What this task involves: Word-for-word transcription needed. Include every entry below but no pictures.

____ Data section

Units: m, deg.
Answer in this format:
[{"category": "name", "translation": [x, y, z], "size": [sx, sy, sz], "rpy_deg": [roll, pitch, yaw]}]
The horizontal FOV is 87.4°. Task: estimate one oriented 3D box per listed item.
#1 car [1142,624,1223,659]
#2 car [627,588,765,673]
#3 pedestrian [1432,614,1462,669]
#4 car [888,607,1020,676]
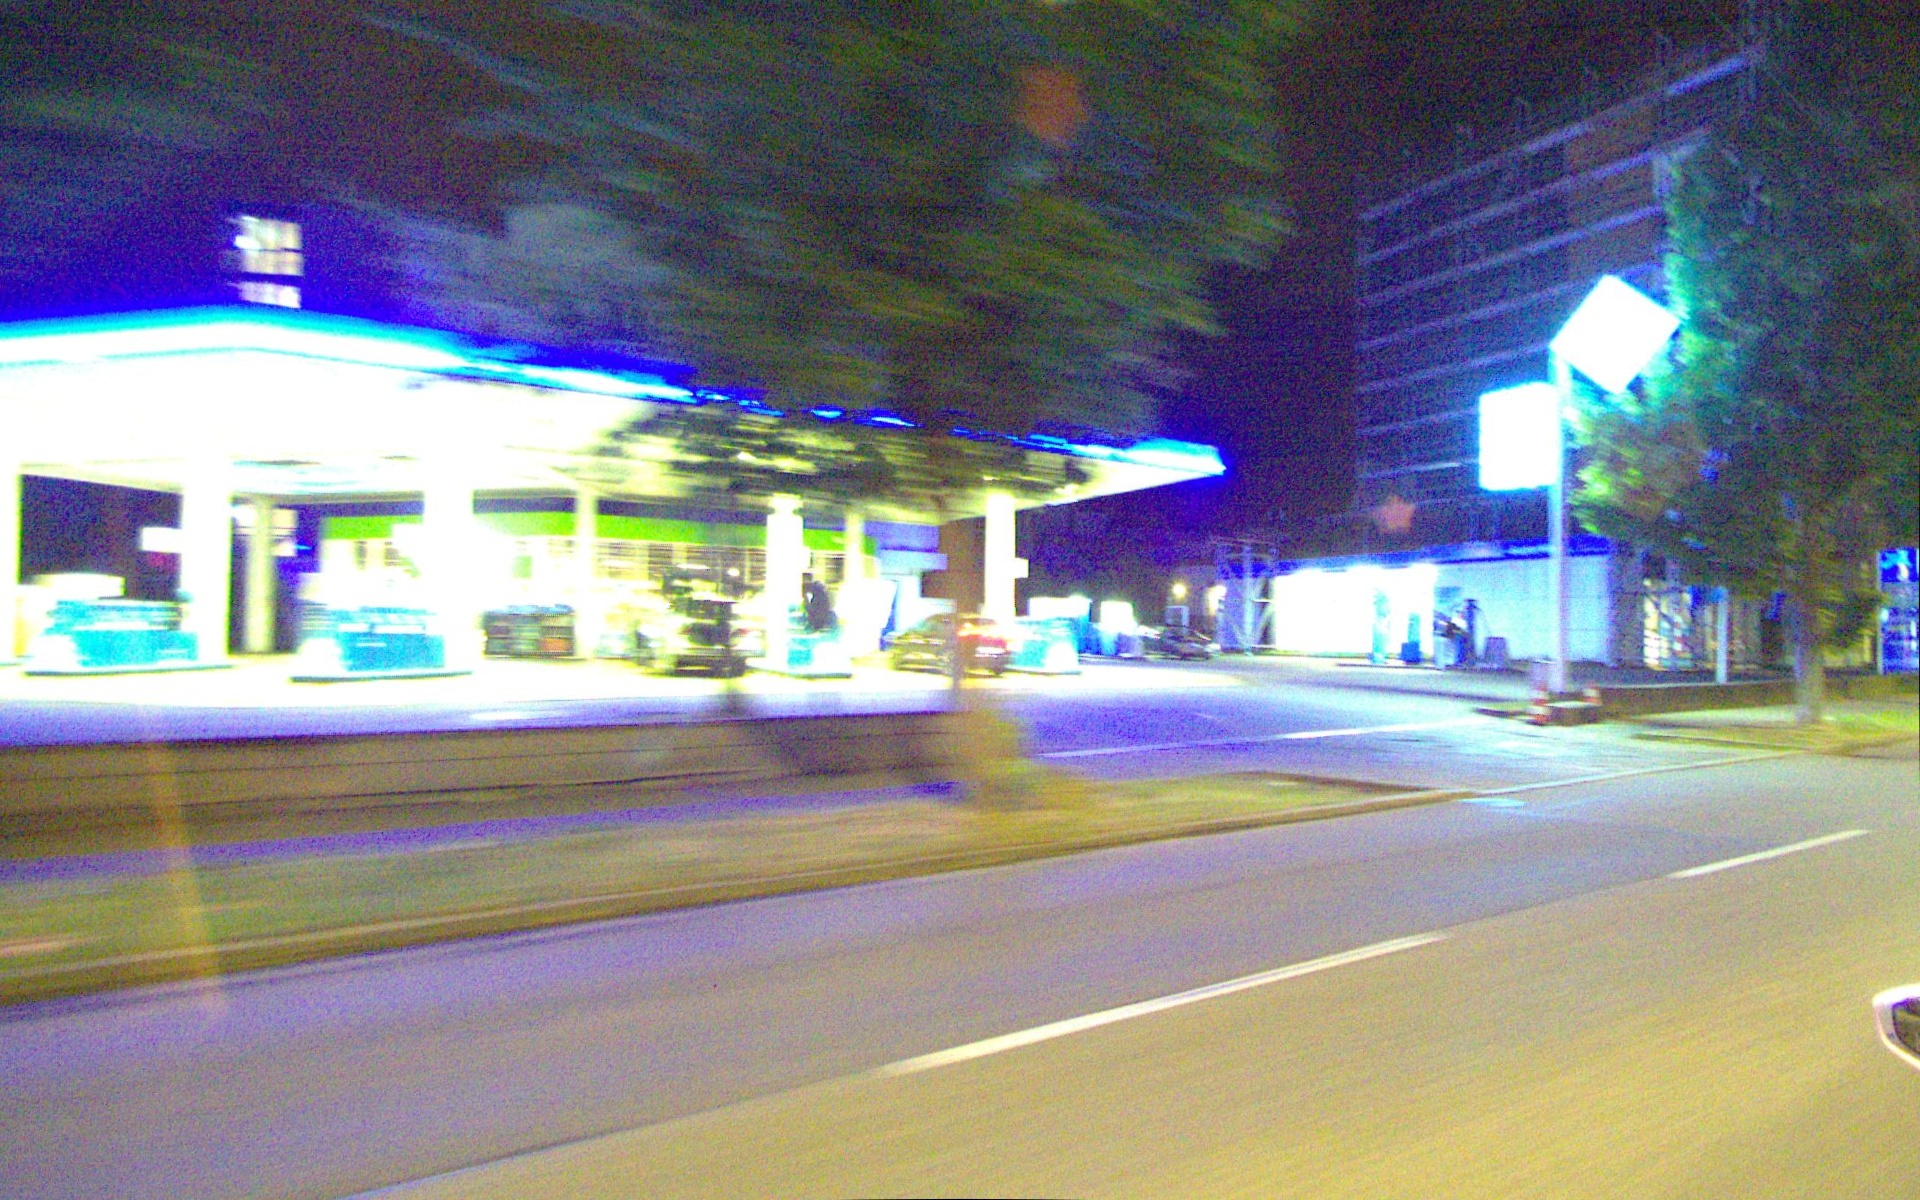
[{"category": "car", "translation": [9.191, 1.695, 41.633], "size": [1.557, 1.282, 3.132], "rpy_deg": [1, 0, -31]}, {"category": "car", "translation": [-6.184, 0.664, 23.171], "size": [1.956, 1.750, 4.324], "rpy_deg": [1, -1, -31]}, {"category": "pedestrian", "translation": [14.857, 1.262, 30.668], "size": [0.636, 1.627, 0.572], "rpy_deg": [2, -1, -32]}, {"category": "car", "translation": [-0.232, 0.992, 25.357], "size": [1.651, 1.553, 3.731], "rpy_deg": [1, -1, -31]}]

________

Exercise output:
Units: m, deg.
Answer in this format:
[{"category": "name", "translation": [x, y, z], "size": [sx, sy, sz], "rpy_deg": [roll, pitch, yaw]}]
The horizontal FOV is 87.4°. Task: estimate one oriented 3D box per listed item.
#1 car [1142,624,1223,659]
#2 car [627,588,765,673]
#3 pedestrian [1432,614,1462,669]
#4 car [888,607,1020,676]
[{"category": "car", "translation": [9.191, 1.695, 41.633], "size": [1.557, 1.282, 3.132], "rpy_deg": [1, 0, -31]}, {"category": "car", "translation": [-6.184, 0.664, 23.171], "size": [1.956, 1.750, 4.324], "rpy_deg": [1, -1, -31]}, {"category": "pedestrian", "translation": [14.857, 1.262, 30.668], "size": [0.636, 1.627, 0.572], "rpy_deg": [2, -1, -32]}, {"category": "car", "translation": [-0.232, 0.992, 25.357], "size": [1.651, 1.553, 3.731], "rpy_deg": [1, -1, -31]}]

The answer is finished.